Stored items
—————
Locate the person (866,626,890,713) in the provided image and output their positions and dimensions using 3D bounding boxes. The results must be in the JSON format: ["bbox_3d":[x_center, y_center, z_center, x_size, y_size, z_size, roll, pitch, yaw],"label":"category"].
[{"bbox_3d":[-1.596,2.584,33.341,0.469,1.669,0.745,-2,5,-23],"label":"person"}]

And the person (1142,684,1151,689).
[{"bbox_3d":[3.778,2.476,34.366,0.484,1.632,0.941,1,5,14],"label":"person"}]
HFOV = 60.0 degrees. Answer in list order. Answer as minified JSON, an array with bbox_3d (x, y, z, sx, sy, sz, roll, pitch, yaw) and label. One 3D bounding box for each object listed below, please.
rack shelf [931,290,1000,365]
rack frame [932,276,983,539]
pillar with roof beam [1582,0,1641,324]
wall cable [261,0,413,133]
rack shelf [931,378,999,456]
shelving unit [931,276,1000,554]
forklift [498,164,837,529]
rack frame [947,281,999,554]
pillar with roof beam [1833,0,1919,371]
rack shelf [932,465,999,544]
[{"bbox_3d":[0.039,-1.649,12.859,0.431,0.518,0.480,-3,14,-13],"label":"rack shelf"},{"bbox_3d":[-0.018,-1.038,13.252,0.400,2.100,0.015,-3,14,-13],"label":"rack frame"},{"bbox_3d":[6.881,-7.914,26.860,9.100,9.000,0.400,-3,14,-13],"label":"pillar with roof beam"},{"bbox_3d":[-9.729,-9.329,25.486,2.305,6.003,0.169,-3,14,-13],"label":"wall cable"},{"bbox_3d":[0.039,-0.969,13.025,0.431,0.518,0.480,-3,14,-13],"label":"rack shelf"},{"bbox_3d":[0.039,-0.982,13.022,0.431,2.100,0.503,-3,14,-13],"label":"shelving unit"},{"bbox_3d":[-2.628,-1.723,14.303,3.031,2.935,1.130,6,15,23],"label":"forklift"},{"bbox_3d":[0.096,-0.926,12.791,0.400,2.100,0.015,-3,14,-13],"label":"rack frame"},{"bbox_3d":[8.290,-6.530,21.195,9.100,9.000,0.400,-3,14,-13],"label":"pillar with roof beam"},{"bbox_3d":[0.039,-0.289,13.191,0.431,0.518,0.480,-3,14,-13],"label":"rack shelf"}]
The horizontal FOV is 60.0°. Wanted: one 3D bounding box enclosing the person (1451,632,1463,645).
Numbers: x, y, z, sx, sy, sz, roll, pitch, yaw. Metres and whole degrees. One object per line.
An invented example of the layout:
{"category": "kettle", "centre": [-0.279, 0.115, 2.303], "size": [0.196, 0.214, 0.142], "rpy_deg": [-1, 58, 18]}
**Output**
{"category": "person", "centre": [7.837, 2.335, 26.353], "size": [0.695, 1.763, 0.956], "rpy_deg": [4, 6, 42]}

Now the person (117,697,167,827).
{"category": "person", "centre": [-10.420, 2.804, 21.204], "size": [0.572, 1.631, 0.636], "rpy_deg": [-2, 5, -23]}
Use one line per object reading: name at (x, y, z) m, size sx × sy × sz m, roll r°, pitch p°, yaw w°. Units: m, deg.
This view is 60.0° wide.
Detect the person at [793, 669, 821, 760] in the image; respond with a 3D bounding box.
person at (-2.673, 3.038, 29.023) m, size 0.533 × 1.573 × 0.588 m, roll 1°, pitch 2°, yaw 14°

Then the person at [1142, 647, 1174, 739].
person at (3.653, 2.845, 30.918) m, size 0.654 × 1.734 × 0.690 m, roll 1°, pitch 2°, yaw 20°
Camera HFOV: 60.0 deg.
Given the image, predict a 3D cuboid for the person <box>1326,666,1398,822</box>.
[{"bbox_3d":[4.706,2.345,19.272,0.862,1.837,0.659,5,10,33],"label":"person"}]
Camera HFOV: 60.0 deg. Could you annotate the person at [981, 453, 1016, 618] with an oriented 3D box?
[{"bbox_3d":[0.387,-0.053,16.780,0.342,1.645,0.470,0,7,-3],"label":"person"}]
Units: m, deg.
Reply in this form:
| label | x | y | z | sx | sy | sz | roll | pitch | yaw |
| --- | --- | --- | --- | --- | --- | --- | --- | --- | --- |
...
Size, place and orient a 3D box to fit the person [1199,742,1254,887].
—————
TASK: Each of the records shown above needs to be repeated exactly.

WRITTEN ANSWER:
Locate the person (866,626,890,713) in the provided image and output their positions and dimensions using 3D bounding boxes. The results must be in the JSON format: ["bbox_3d":[x_center, y_center, z_center, x_size, y_size, z_size, roll, pitch, yaw],"label":"category"].
[{"bbox_3d":[-1.596,2.584,33.341,0.469,1.669,0.745,-2,5,-23],"label":"person"}]

And the person (1142,684,1151,689).
[{"bbox_3d":[3.778,2.476,34.366,0.484,1.632,0.941,1,5,14],"label":"person"}]
HFOV = 60.0 degrees. Answer in list order. Answer as minified JSON, an array with bbox_3d (x, y, z, sx, sy, sz, roll, pitch, yaw) and label. One 3D bounding box for each object listed below, please.
rack shelf [931,290,1000,365]
rack frame [932,276,983,539]
pillar with roof beam [1582,0,1641,324]
wall cable [261,0,413,133]
rack shelf [931,378,999,456]
shelving unit [931,276,1000,554]
forklift [498,164,837,529]
rack frame [947,281,999,554]
pillar with roof beam [1833,0,1919,371]
rack shelf [932,465,999,544]
[{"bbox_3d":[0.039,-1.649,12.859,0.431,0.518,0.480,-3,14,-13],"label":"rack shelf"},{"bbox_3d":[-0.018,-1.038,13.252,0.400,2.100,0.015,-3,14,-13],"label":"rack frame"},{"bbox_3d":[6.881,-7.914,26.860,9.100,9.000,0.400,-3,14,-13],"label":"pillar with roof beam"},{"bbox_3d":[-9.729,-9.329,25.486,2.305,6.003,0.169,-3,14,-13],"label":"wall cable"},{"bbox_3d":[0.039,-0.969,13.025,0.431,0.518,0.480,-3,14,-13],"label":"rack shelf"},{"bbox_3d":[0.039,-0.982,13.022,0.431,2.100,0.503,-3,14,-13],"label":"shelving unit"},{"bbox_3d":[-2.628,-1.723,14.303,3.031,2.935,1.130,6,15,23],"label":"forklift"},{"bbox_3d":[0.096,-0.926,12.791,0.400,2.100,0.015,-3,14,-13],"label":"rack frame"},{"bbox_3d":[8.290,-6.530,21.195,9.100,9.000,0.400,-3,14,-13],"label":"pillar with roof beam"},{"bbox_3d":[0.039,-0.289,13.191,0.431,0.518,0.480,-3,14,-13],"label":"rack shelf"}]
The horizontal FOV is 60.0°. Wanted: one 3D bounding box enclosing the person (1451,632,1463,645).
Numbers: x, y, z, sx, sy, sz, roll, pitch, yaw. Metres and whole degrees. One object per line.
An invented example of the layout:
{"category": "kettle", "centre": [-0.279, 0.115, 2.303], "size": [0.196, 0.214, 0.142], "rpy_deg": [-1, 58, 18]}
**Output**
{"category": "person", "centre": [7.837, 2.335, 26.353], "size": [0.695, 1.763, 0.956], "rpy_deg": [4, 6, 42]}

Now the person (117,697,167,827).
{"category": "person", "centre": [-10.420, 2.804, 21.204], "size": [0.572, 1.631, 0.636], "rpy_deg": [-2, 5, -23]}
Use one line per object reading: name at (x, y, z) m, size sx × sy × sz m, roll r°, pitch p°, yaw w°. Units: m, deg.
This view is 60.0° wide.
Detect the person at [793, 669, 821, 760] in the image; respond with a 3D bounding box.
person at (-2.673, 3.038, 29.023) m, size 0.533 × 1.573 × 0.588 m, roll 1°, pitch 2°, yaw 14°

Then the person at [1142, 647, 1174, 739].
person at (3.653, 2.845, 30.918) m, size 0.654 × 1.734 × 0.690 m, roll 1°, pitch 2°, yaw 20°
Camera HFOV: 60.0 deg.
Given the image, predict a 3D cuboid for the person <box>1326,666,1398,822</box>.
[{"bbox_3d":[4.706,2.345,19.272,0.862,1.837,0.659,5,10,33],"label":"person"}]
Camera HFOV: 60.0 deg. Could you annotate the person at [981, 453, 1016, 618] with an oriented 3D box?
[{"bbox_3d":[0.387,-0.053,16.780,0.342,1.645,0.470,0,7,-3],"label":"person"}]
Units: m, deg.
Reply in this form:
| label | x | y | z | sx | sy | sz | roll | pitch | yaw |
| --- | --- | --- | --- | --- | --- | --- | --- | --- | --- |
...
Size, place and orient a 3D box to fit the person [1199,742,1254,887].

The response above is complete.